(Supplied entries Opens)

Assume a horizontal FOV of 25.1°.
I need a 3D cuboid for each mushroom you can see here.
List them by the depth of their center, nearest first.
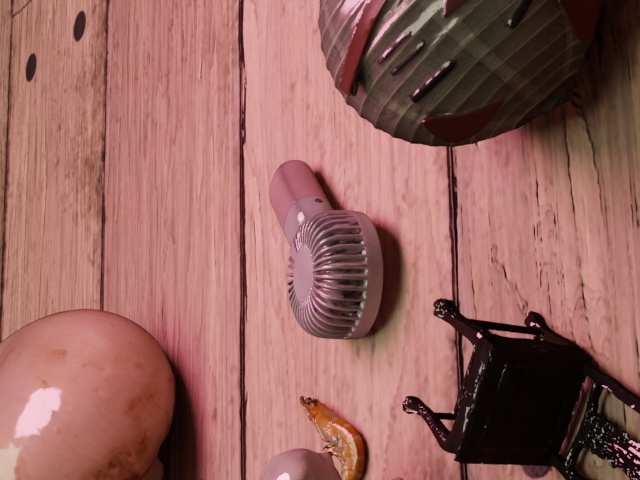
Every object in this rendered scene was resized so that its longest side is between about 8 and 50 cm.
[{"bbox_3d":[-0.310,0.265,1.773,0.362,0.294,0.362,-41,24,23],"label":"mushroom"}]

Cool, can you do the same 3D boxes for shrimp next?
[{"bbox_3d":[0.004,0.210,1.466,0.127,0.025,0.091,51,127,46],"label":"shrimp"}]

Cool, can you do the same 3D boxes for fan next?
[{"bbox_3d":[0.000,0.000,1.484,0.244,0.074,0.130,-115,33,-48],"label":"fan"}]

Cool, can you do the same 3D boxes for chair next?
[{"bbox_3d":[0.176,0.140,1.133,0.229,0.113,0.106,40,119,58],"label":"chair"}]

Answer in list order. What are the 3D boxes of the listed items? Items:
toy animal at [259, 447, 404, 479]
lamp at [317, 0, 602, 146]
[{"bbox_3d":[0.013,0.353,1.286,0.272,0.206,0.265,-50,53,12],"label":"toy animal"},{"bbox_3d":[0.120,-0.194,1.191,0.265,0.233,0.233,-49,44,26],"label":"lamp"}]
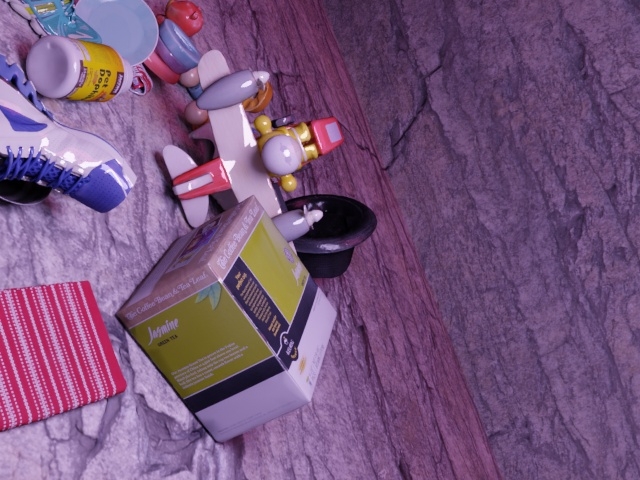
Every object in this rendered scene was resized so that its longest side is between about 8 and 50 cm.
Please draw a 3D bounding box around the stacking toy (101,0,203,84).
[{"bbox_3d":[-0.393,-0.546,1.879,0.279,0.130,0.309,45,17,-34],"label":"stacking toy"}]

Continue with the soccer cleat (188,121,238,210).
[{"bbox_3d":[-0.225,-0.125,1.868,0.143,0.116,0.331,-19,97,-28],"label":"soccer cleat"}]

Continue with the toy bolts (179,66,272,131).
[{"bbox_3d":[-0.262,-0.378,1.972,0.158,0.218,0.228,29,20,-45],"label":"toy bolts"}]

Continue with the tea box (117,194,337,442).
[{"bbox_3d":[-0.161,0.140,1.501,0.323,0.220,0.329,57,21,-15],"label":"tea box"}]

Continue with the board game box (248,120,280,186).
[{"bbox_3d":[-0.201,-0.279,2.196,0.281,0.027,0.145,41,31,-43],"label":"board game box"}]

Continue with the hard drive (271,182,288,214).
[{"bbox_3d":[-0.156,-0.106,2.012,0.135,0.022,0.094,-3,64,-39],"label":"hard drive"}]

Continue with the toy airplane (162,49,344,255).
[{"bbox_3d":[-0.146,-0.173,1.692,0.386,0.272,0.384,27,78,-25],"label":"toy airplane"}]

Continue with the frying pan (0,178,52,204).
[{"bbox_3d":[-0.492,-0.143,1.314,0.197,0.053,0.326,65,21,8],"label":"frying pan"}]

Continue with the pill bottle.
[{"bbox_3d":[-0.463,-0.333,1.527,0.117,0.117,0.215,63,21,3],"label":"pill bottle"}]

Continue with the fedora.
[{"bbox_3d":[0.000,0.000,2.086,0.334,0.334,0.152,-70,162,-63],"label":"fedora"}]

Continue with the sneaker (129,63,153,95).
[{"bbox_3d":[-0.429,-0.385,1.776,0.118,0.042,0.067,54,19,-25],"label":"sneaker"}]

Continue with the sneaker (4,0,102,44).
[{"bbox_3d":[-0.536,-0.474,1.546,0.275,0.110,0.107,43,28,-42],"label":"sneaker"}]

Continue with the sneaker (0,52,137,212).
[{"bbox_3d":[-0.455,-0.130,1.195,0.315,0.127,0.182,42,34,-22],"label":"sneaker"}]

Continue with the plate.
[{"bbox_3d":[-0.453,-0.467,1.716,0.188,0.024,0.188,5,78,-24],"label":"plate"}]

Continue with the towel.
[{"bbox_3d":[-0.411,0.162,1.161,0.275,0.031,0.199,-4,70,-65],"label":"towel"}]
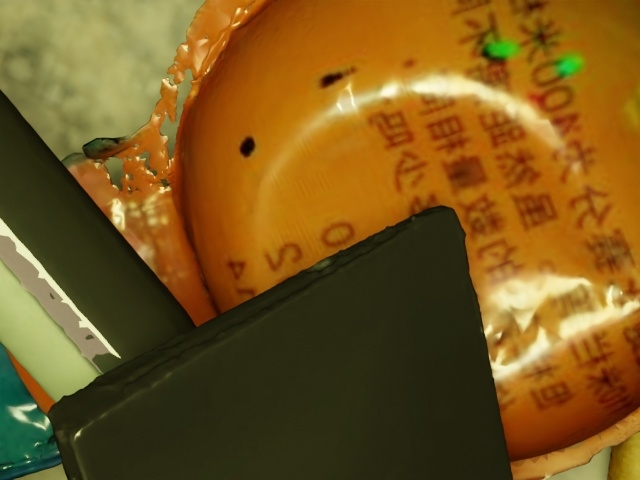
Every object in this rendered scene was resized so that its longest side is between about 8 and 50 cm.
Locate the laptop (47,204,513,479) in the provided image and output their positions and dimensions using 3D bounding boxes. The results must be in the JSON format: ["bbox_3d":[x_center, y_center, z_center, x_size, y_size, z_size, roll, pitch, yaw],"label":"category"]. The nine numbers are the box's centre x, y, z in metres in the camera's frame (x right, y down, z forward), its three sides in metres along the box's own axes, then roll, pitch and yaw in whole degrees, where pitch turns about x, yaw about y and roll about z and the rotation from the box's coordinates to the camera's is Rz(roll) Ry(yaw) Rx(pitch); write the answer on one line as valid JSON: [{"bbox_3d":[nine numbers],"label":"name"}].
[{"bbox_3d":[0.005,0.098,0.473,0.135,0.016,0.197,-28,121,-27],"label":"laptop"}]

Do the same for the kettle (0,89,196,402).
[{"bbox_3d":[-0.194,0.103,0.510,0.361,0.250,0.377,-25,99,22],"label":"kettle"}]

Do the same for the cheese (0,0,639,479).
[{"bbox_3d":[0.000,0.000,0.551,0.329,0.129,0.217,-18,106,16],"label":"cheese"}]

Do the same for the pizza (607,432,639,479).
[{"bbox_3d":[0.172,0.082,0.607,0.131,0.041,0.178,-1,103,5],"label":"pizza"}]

(Supplied entries Closes)

Beginning with the line holding "I need a 3D" in the material above, restate word for word each line through the line holding "toy animal at [259, 447, 404, 479]", and exclude pictures.

I need a 3D cuboid for each mushroom you can see here.
List them by the depth of their center, nearest first.
Every object in this rendered scene was resized so that its longest side is between about 8 and 50 cm.
[{"bbox_3d":[-0.310,0.265,1.773,0.362,0.294,0.362,-41,24,23],"label":"mushroom"}]

Cool, can you do the same 3D boxes for shrimp next?
[{"bbox_3d":[0.004,0.210,1.466,0.127,0.025,0.091,51,127,46],"label":"shrimp"}]

Cool, can you do the same 3D boxes for fan next?
[{"bbox_3d":[0.000,0.000,1.484,0.244,0.074,0.130,-115,33,-48],"label":"fan"}]

Cool, can you do the same 3D boxes for chair next?
[{"bbox_3d":[0.176,0.140,1.133,0.229,0.113,0.106,40,119,58],"label":"chair"}]

Answer in list order. What are the 3D boxes of the listed items? Items:
toy animal at [259, 447, 404, 479]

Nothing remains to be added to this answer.